Blaise's smug look went awfully well with his Kilgour9 bespoke suit. Draco congratulated himself on finding a Muggle tailor (expenses claimable) that employed wizard cutters. "I learnt that Peter Mandelson10 likes to b--"
Draco put his hands over his ears and reconsidered his plan to invite Blaise upstairs after they'd finished their (again, expenses claimable) meeting. "La la la. Please." He couldn't quite abide the thought of Blaise, with his cheekbones and extraordinarily refractory period, having willingly consorted with a Blairite so careless he had been forced to resign. Twice.
"Please move along to the part where you tell me what this has to do with Ha--Potter."
Blaise gave him a sharp look, which Draco chose to ignore. "Simon Hughes11--the previous incumbent, terribly popular in the constituency, chummy with Ginger--developed recurrent and serious poisoning by said bacteria in the weeks running up to the election." Blaise snapped his fingers at the photograph and it wavered into a collection of bright yellow boxes with text. "This is the Lib Dem's website," he said.
"Yellow and black." They shared a snicker. "I wonder if Potter knows he's a closet Hufflepuff." Draco skimmed the small article that Blaise pointed out.
"Curious, isn't it?"
"Hughes might have just been unfortunate." Draco drummed his fingers on the arm of the leather chair, refusing to allow the little bubble of excitement become a full-blown frisson until he had some very sticky mud to decorate Harry's basement office. "Also, Potter is a terminal do-gooder.

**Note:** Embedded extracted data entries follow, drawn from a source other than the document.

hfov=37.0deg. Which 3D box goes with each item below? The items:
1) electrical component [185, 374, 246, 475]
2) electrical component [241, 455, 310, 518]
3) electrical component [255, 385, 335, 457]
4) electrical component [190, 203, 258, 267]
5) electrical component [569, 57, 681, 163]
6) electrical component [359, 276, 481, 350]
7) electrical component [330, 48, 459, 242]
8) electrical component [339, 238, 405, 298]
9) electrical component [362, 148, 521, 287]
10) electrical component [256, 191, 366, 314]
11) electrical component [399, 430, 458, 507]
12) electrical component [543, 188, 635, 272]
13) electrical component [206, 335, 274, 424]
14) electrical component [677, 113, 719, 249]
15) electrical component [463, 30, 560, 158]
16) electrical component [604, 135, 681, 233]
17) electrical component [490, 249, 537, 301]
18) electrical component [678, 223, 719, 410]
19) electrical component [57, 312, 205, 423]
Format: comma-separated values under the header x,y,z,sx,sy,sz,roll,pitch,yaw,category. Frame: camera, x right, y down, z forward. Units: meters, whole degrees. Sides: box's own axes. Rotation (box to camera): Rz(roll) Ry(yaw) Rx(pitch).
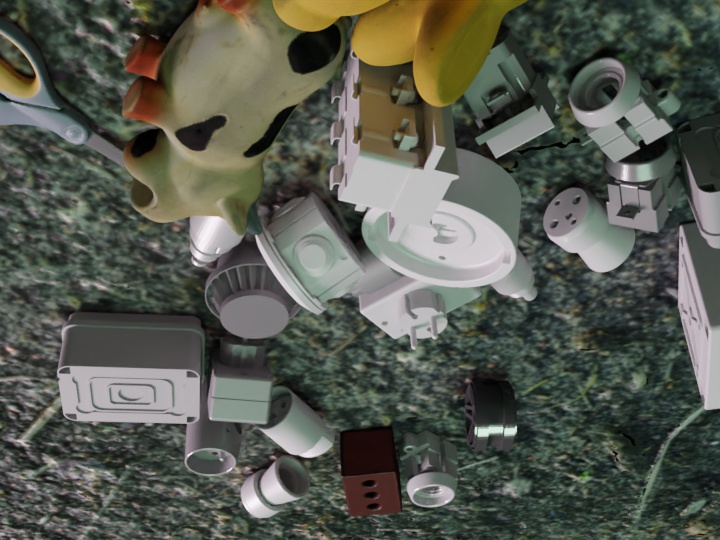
x,y,z,sx,sy,sz,roll,pitch,yaw,category
-0.123,0.144,0.939,0.043,0.077,0.079,-11,138,7,electrical component
-0.082,0.210,1.041,0.045,0.045,0.055,31,128,-33,electrical component
-0.056,0.142,0.967,0.043,0.043,0.081,-23,135,20,electrical component
-0.103,-0.031,0.771,0.040,0.040,0.078,15,135,-20,electrical component
0.168,-0.107,0.703,0.066,0.048,0.055,-30,140,27,electrical component
0.046,0.026,0.820,0.083,0.075,0.047,-29,133,26,electrical component
0.019,-0.090,0.653,0.063,0.121,0.078,12,136,-14,electrical component
0.000,0.000,0.813,0.078,0.040,0.040,-29,133,26,electrical component
0.061,-0.042,0.749,0.108,0.060,0.108,12,150,7,electrical component
-0.035,-0.013,0.762,0.051,0.080,0.080,-35,133,6,electrical component
0.067,0.191,1.022,0.066,0.055,0.048,32,127,-33,electrical component
0.168,-0.030,0.790,0.055,0.045,0.045,31,128,-33,electrical component
-0.097,0.075,0.873,0.047,0.083,0.075,6,99,-11,electrical component
0.280,-0.069,0.730,0.113,0.078,0.057,-14,135,12,electrical component
0.089,-0.112,0.671,0.042,0.081,0.063,-29,104,23,electrical component
0.196,-0.064,0.747,0.048,0.066,0.055,14,139,33,electrical component
0.118,0.005,0.833,0.035,0.035,0.061,-27,136,24,electrical component
0.281,0.033,0.822,0.056,0.108,0.108,-8,138,9,electrical component
-0.184,0.079,0.876,0.113,0.057,0.078,2,138,-7,electrical component

He may have sniffed out an heroic cause and read Socialism for Dummies the night beforehand."
Draco very much appreciated the Dummies books, although he of course transfigured the covers to the key political editions of Everyman's Library luxury cloth-and-gilt volumes.
"Or he may have inelegantly incapacitated his senior with dreadful rotten-meat poisoning." Blaise clicked his fingers again and the picture changed to the previous MP for Southwark and North Bermondsey standing in front of a Hare Krishna Food-For-Life.
Draco frowned, mainly at the people in terribly shapeless orange robes. "Meat?"
"Hughes was a vegetarian." Blaise said triumphantly.
"This is terribly tenuous," Draco suspected that fucking Labour Party members was playing havoc with Blaise's sense of logic. Too close to the locus of power, Draco reasoned. Which fact only added to Harry's appeal, because there was a sparrow's chance in Hades that his party would ever have a majority. He brightened. "It might be useful leverage, though."
Blaise scoffed, unamused. "Leverage." He rolled his eyes at the ceiling. "Draco, you are so fucking predictable."
"Me? Mandelson, Blaise, really. You want an obliviate with your scotch?"
8. COMIC RELIEF: A charity that encourages Muggles to buy artificial red noses and then donates the proceeds to the poor in the UK and Africa. Why people will give money to those less fortunate only when they can be humiliated by some strange accessory remains a topic for study.
9. KILGOUR: 8 Savile Row. Ask for Caspar.
10. PETER MANDELSON: Draco
exaggerates. One was merely networking.
11. SIMON HUGHES: One of the less vile members of the House of Commons, previous incumbent in the constituency held by Potter. Like Potter, has dreadful taste in ties, was a Lib Dem, had fits of passionate civic enthusiasm, and "plays for both teams".